:: Aim of the task ::
Copy each line from the entries that the word "filein" appears in.

:: Given information ::

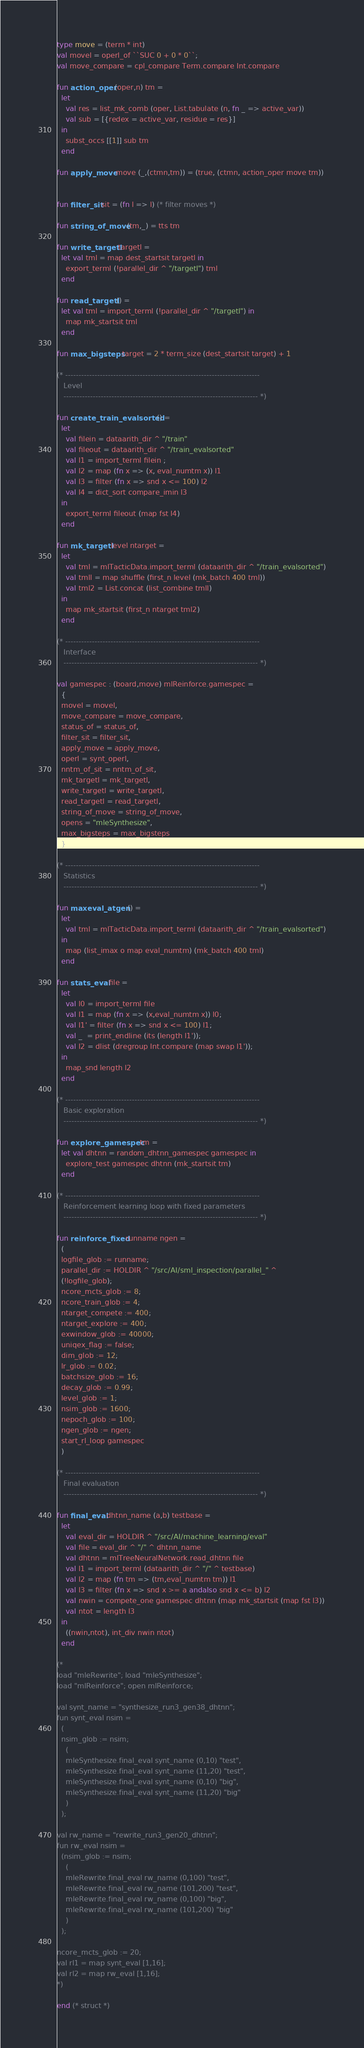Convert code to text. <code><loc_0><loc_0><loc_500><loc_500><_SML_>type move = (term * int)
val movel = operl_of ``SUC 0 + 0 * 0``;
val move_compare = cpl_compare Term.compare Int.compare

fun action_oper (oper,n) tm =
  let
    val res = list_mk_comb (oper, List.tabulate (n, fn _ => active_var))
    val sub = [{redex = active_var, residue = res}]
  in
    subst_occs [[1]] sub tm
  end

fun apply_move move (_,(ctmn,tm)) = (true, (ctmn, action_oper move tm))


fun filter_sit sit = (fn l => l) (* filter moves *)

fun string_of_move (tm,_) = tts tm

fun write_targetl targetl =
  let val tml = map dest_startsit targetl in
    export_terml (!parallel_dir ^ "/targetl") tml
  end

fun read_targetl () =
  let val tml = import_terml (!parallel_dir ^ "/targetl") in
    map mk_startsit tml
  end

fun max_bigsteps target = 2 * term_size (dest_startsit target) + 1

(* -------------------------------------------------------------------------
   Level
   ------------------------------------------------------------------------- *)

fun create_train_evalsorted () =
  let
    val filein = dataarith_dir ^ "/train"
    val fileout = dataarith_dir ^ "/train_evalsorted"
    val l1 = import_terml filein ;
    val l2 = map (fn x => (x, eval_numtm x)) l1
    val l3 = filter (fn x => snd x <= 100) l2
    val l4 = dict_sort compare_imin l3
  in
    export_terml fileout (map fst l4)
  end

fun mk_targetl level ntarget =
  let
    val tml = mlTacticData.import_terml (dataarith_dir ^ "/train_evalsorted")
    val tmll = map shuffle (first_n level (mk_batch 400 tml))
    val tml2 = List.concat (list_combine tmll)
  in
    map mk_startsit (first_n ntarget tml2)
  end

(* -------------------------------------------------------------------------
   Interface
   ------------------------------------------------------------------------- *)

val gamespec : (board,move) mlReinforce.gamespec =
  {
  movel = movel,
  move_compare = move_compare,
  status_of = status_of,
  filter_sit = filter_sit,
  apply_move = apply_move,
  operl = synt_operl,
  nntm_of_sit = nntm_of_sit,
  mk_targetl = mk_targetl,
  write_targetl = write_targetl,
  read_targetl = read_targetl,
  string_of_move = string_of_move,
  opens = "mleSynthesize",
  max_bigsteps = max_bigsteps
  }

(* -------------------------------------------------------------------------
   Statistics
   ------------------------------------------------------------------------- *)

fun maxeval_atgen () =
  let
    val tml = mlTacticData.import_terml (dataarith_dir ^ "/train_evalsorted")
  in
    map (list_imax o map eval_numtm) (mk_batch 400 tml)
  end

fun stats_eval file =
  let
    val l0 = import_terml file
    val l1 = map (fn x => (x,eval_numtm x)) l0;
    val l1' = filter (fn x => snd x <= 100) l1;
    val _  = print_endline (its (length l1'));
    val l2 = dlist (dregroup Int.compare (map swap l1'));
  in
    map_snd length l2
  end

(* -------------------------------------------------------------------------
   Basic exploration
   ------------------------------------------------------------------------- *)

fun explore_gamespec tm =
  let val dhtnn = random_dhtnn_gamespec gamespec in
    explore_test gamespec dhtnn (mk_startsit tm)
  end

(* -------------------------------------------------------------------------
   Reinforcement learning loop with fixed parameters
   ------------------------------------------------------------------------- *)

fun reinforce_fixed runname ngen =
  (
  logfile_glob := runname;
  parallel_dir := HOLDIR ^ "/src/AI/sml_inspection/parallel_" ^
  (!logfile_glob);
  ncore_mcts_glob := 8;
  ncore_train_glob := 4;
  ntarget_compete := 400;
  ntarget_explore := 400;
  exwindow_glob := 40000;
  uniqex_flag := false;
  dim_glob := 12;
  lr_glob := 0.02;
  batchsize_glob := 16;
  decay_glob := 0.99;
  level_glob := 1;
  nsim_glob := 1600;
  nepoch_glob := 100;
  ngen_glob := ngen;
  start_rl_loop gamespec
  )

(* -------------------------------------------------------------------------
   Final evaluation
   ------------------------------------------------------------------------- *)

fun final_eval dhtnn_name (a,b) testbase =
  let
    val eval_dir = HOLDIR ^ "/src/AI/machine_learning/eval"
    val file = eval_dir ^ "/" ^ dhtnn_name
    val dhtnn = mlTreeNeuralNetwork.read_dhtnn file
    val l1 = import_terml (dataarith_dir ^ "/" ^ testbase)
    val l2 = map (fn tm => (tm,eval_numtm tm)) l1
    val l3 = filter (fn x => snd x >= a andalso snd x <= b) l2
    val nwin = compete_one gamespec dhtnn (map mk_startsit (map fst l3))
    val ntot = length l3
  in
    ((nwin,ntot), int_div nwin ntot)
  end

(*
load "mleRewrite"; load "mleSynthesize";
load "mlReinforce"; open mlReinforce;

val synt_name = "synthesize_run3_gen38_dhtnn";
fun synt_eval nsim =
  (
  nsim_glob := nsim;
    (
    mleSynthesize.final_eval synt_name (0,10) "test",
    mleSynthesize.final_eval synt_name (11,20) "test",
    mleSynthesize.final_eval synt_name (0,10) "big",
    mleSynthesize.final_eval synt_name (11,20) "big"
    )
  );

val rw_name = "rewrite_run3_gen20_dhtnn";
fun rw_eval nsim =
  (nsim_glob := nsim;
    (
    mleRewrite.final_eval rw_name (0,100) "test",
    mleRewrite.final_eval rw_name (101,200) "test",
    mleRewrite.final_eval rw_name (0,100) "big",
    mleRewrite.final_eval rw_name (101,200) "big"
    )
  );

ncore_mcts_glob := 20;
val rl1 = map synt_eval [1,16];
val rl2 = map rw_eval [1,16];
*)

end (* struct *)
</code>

...

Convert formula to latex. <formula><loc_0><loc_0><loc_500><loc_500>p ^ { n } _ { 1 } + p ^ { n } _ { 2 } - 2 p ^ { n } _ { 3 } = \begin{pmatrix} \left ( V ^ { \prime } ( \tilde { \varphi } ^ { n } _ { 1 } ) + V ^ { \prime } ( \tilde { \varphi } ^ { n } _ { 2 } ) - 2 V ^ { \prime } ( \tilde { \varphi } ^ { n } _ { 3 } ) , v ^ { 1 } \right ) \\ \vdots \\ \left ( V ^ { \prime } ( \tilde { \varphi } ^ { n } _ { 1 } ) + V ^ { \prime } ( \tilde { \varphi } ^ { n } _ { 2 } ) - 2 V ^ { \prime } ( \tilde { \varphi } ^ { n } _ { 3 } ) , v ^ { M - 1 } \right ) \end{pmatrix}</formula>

:: Your solution ::
    val filein = dataarith_dir ^ "/train"
    val l1 = import_terml filein ;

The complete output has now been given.